A visually striking collection of interstellar gas and dust is the focus of this stunning Hubble Space Telescope image. Named RCW 7, the nebula is located just over 5,300 light-years away from Earth in the constellation Puppis.
Formation of Stars in Nebulae
Nebulae are areas of space brimming with the raw material needed to form new stars. Under the influence of gravity, parts of these molecular clouds collapse until they coalesce into protostars, surrounded by spinning discs of leftover gas and dust. In the case of RCW 7, the protostars forming here are particularly massive, giving off strongly ionizing radiation and fierce stellar winds that have transformed it into what is known as an H II region.
The Role of H II Regions
H II regions are filled with hydrogen ions — where H I refers to a normal hydrogen atom, H II is hydrogen that has lost its electron. The ultraviolet radiation from the massive protostars excites the hydrogen, causing it to emit light and giving this nebula its soft pinkish glow.

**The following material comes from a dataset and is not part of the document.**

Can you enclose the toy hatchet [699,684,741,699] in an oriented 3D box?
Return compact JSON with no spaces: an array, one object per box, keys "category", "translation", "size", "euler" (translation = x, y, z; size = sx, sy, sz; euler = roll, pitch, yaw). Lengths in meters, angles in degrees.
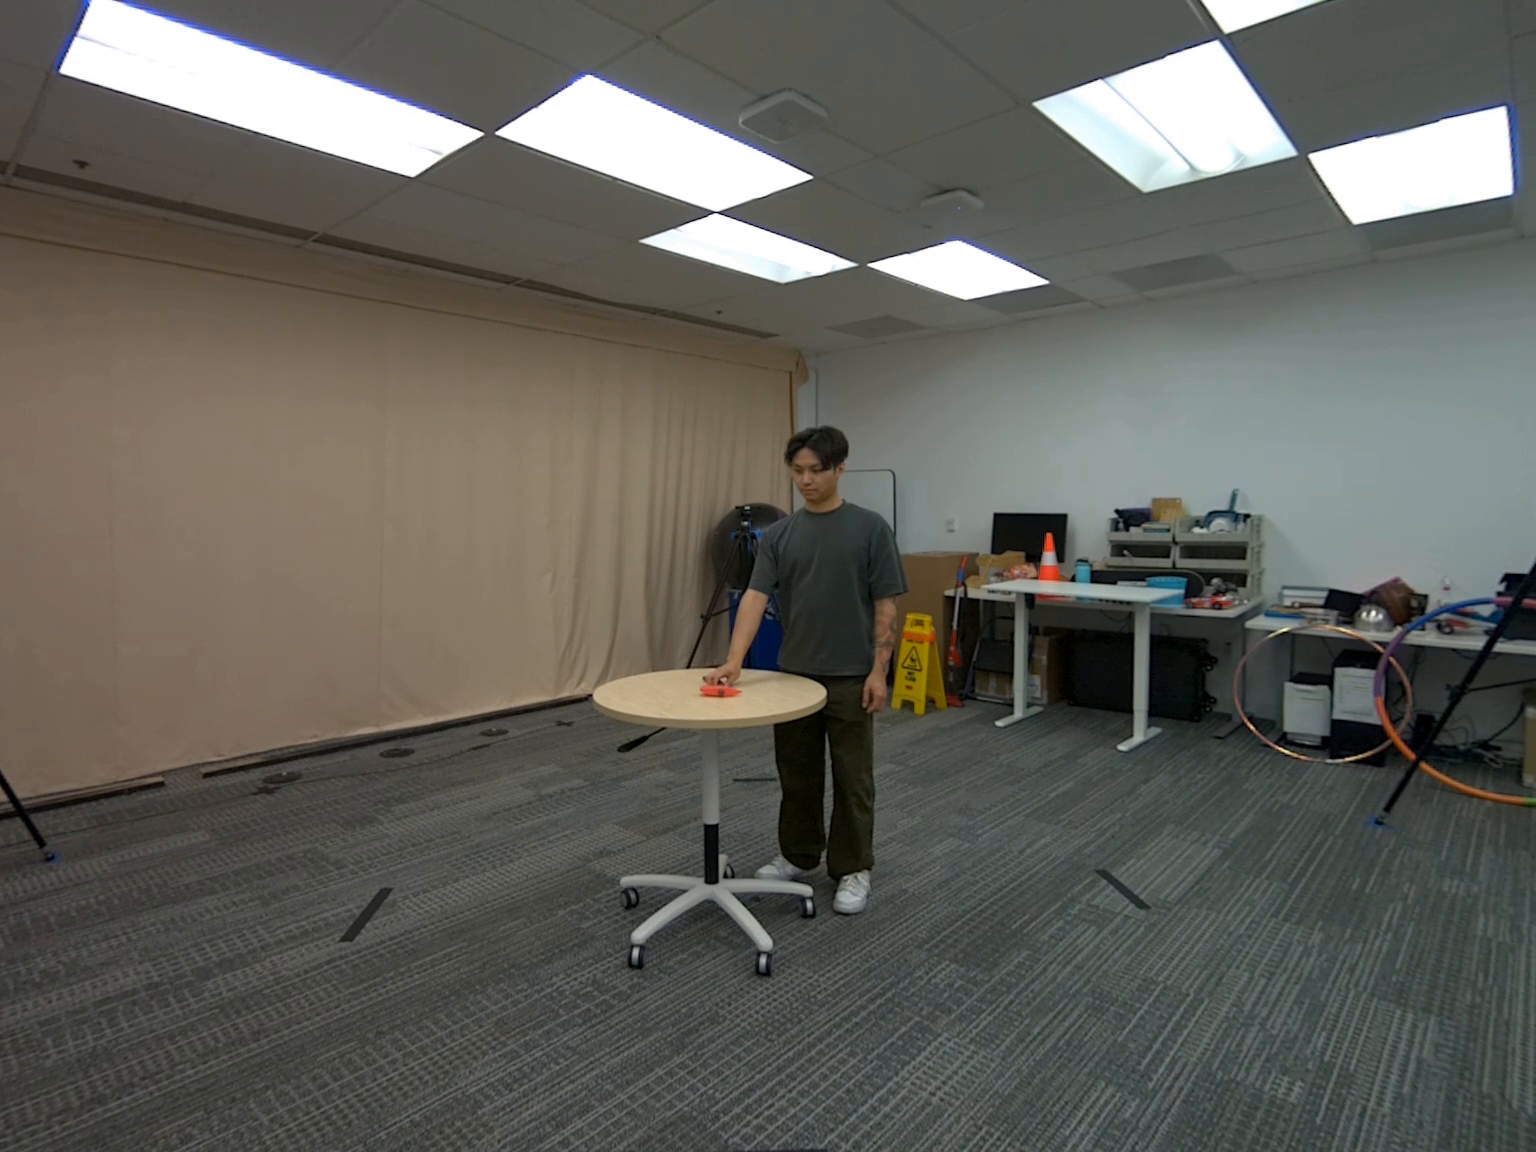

Here the Hubble Space Telescope is studying a particular massive protostellar binary named IRAS 07299-1651, still in its glowing cocoon of gas in the curling clouds towards the top of the nebula. To expose this star and its siblings, this image was captured using the Wide Field Camera 3 (WFC3) in near-infrared light.

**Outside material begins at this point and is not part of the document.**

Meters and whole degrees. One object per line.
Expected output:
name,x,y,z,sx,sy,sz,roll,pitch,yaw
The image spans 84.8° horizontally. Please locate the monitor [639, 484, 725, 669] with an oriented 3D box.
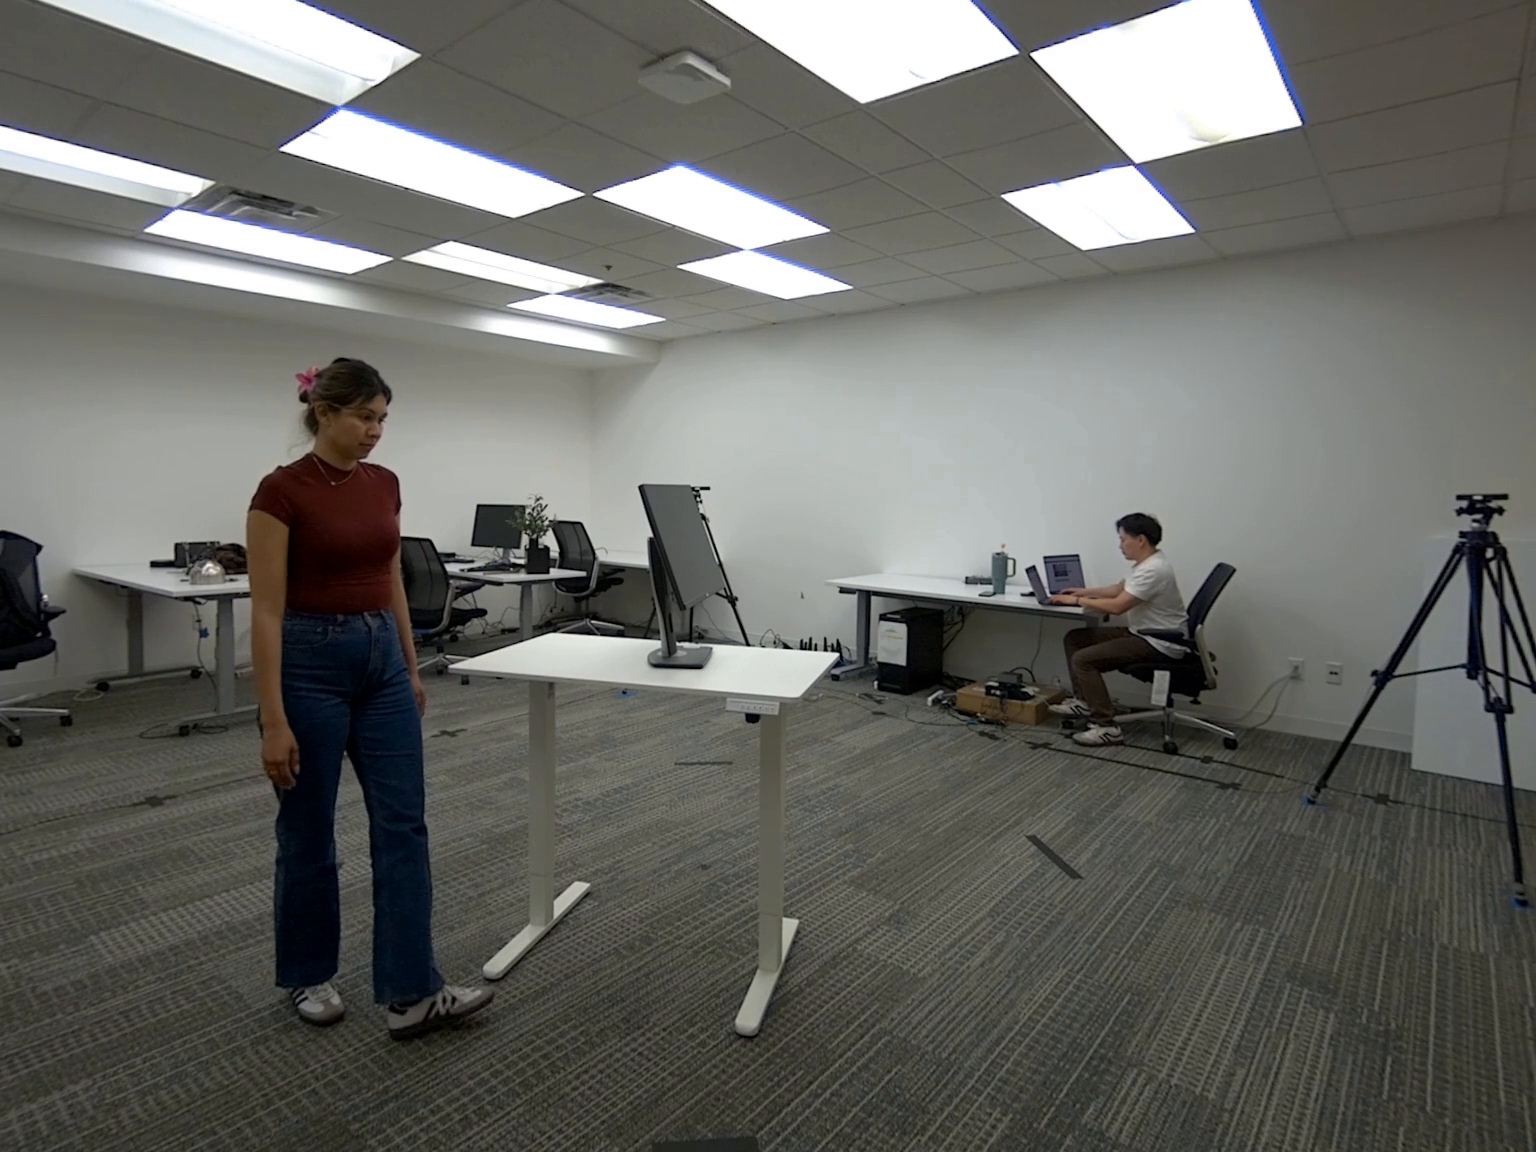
monitor,-0.281,-0.008,2.505,0.189,0.521,0.536,-2,4,7

The massive protostars here are brightest in ultraviolet light, but they emit plenty of infrared light which can pass through much of the gas and dust around them and be seen by Hubble. Many of the other, larger-looking stars in this image are not part of the nebula, but sit between it and our Solar System.

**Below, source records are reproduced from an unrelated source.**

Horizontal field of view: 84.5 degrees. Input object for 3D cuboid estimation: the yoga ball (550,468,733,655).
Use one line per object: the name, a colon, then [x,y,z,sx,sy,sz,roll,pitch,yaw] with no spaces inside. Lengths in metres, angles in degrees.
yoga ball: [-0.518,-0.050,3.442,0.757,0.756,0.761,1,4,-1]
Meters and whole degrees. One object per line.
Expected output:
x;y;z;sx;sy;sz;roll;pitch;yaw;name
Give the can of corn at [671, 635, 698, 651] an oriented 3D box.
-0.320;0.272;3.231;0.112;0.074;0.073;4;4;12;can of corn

The Lifecycle of a Molecular Cloud
The creation of an H II region marks the beginning of the end for a molecular cloud. Over only a few million years, the radiation and winds from the massive stars gradually disperse the gas — even more so as the most massive stars come to the end of their lives in supernova explosions. Only a fraction of the gas will be incorporated into new stars in this nebula, with the rest being spread throughout the galaxy to eventually form new molecular clouds.
Reference: “Dynamics of a massive binary at birth” by Yichen Zhang, Jonathan C. Tan, Kei E. I. Tanaka, James M. De Buizer, Mengyao Liu, Maria T. Beltrán, Kaitlin Kratter, Diego Mardones and Guido Garay, 18 March 2019, Nature Astronomy.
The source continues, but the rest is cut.